The only cycling thing that actually helps that I've used is Seachem's Stability.

I cycled with fish but there are a few problems with it:
1. Water changes - So fish don't die
2. Rehoming the fish after your done
2a. If you don't rehome them and want to keep them, they have a tendency to be very sensitive

You don't need to use fish just go buy some fish flakes, or any other fish food, put it in your tank and make sure ammonia doesn't go above 5.5, I'd leave it at around 4.0. Do a few water changes before you actually get fish so they don't get poisoned by the massive amounts of nitrate in the end.

For conditioner (what your Tetra Aqua Aquasafe is), I'd recommend using Seachem Prime or Stresscoat after you finish that bottle. Prime is highly concentrated and therefore lasts a long time.

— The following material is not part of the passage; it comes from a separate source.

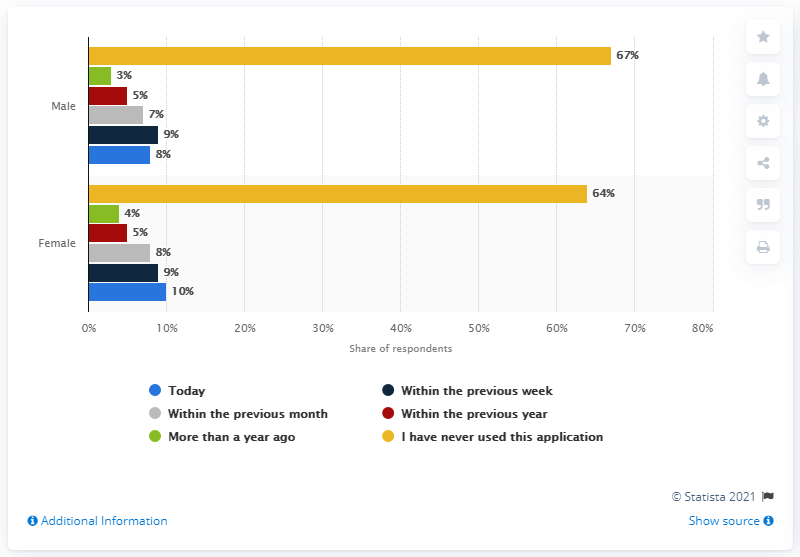Mention a couple of crucial points in this snapshot. The color bar with the highest share of users is yellow. The total share of users, both male and female, is currently 18%.

Stresscoat has aloe vera in it so if you have fish with long fins like bettas or guppies it helps it grow and also helps them develop a natural resistance (their slimy coat) against parasites and other things.

If you do choose to use fish, 8-10 zebra danios will be fine as they are very hardy, they cost like $1 at PetSmart. If you have a turtle or something and you want to feed them to your turtle after, it's very difficult because they swim quite fast. You could also ask about leopard danios, Big Al's usually stocks them and I think they look a bit nicer than zebra danios.

Your pH will change throughout the cycling process, but if you have zebra danios it shouldn't affect them at all.


----------



## Joeee (Apr 3, 2010)

Forgot to add:

Cycling generally takes a month without established filter media. I finished mine in 21 days without the filter media from an established tank, it could be a month and a half without it.


----------